António Chainho, “ahli gitar Portugis”, telah meninggal dunia

Wikimedia

Antonio Chainho

Musisi dan komposer António Chainho meninggal Selasa ini di rumahnya tepat pada hari ia akan menginjak usia 88 tahun.

Di kediamannya, di Alfragide, di pinggiran Lisbon, itulah António Chainho menghembuskan nafas terakhirnya.

HAI “Ahli gitar Portugis”sebagaimana dirujuk oleh kritikus khusus internasional, meninggal pada hari dia akan berusia 88 tahun.

Kabar tersebut disampaikan kepada Lusa oleh agen artistiknya.
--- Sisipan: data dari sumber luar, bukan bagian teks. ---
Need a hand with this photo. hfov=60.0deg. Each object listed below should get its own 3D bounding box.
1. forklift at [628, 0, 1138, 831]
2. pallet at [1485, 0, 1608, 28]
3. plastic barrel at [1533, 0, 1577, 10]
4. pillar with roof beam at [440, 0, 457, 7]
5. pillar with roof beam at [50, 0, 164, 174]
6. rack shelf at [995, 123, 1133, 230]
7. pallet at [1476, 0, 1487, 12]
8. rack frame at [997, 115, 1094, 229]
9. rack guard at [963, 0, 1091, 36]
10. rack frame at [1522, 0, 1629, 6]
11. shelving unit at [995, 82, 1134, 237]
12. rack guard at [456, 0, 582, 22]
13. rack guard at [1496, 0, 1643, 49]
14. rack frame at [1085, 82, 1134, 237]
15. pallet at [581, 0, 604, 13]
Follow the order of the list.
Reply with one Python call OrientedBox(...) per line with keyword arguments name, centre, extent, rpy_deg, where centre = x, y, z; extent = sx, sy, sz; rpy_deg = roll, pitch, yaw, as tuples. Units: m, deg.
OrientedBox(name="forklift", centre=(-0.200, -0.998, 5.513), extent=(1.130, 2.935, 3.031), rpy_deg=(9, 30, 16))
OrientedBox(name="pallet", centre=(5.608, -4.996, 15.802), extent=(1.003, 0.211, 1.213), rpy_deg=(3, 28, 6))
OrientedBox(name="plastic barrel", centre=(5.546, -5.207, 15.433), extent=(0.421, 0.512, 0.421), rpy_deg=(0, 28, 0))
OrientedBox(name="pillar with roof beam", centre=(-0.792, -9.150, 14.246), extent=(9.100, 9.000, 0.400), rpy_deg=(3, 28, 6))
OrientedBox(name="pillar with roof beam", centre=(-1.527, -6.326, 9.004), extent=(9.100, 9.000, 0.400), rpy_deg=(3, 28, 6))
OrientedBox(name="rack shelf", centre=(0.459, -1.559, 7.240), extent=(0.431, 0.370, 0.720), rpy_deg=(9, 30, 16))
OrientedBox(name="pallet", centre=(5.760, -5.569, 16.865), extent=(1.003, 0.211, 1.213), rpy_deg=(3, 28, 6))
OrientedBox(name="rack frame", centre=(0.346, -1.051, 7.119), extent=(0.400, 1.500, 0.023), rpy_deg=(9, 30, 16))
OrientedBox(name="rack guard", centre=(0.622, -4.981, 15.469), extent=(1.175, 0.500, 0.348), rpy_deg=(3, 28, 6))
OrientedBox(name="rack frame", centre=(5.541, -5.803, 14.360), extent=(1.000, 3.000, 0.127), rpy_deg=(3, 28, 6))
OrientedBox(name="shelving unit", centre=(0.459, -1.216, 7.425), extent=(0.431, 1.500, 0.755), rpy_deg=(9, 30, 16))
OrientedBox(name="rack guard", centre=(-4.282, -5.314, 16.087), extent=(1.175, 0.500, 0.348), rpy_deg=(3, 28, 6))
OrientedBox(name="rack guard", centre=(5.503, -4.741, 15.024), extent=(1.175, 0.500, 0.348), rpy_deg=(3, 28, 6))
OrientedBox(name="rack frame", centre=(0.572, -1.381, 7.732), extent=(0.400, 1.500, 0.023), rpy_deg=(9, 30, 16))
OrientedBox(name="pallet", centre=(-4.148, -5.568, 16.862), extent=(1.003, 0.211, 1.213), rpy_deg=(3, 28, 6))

Antonio Chainho mengakhiri karirnya selama 60 tahun pada September 2024setelah merilis album terakhirnya pada tahun itu, “Pelukan Gitar”di mana dia memberi penghormatan kepada mereka yang menjadi gurunya melalui radio.

Di antara para “master” adalah komposer gitar Portugis yang “terkenal” seperti José Nunes, Francisco Carvalhinho, Armandinho dan Jaime Santosserta “biola” yang berbagi panggung dengannya, seperti José Elmiro, Carlos Silva, Carlos Manuel Proença dan Tiago Oliveira.

“Melihat ke belakang, saya rasa saya cukup beruntung bisa mencapai usia 85 tahun dan merekam album ini”, katanya saat itu, menyoroti bahwa “gitaris no fado” “merekam album setelah usia 60 tahun”, dengan namanya sendiri. “Itu sulit, tapi saya melakukannya pada usia 85.”

Gitaris abadi ini lahir di S. Francisco da Serra, di distrik Setúbal, pada tanggal 27 Januari 1938, dan mulai bermain di komunitas fado pada tahun 1960-an.

Setelah meninggalkan panggung dan studio rekaman, di penghujung tahun 2024, sang komposer yakin bahwa dia “berdamai” dengan dirinya sendiri dan “bahagia” dengan jalur artistik yang “beruntung” untuk diambilnya: “Saya berkeliling dunia, bermain di setiap benua, dan saya rasa saya merasa bahagia.”

Pada tahun 2022, Presiden Republik Marcelo Rebelo de Sousa didekorasi António Chainho dengan gelar Komandan Ordo Infante D. Henriqueyang membedakan mereka yang memberikan “layanan yang relevan kepada Portugal, di dalam negeri dan luar negeri, serta layanan dalam perluasan budaya Portugis atau dalam pengetahuan tentang Portugal, Sejarah dan nilai-nilainya”.

Pada tahun 2023, biografinya diterbitkan, “Pelukan Gitar”ditulis oleh jurnalis Moema Silvayang mendefinisikan pekerjaan di Lusa sebagai “buku harian perjalanan [sua] kehidupan dan musik.”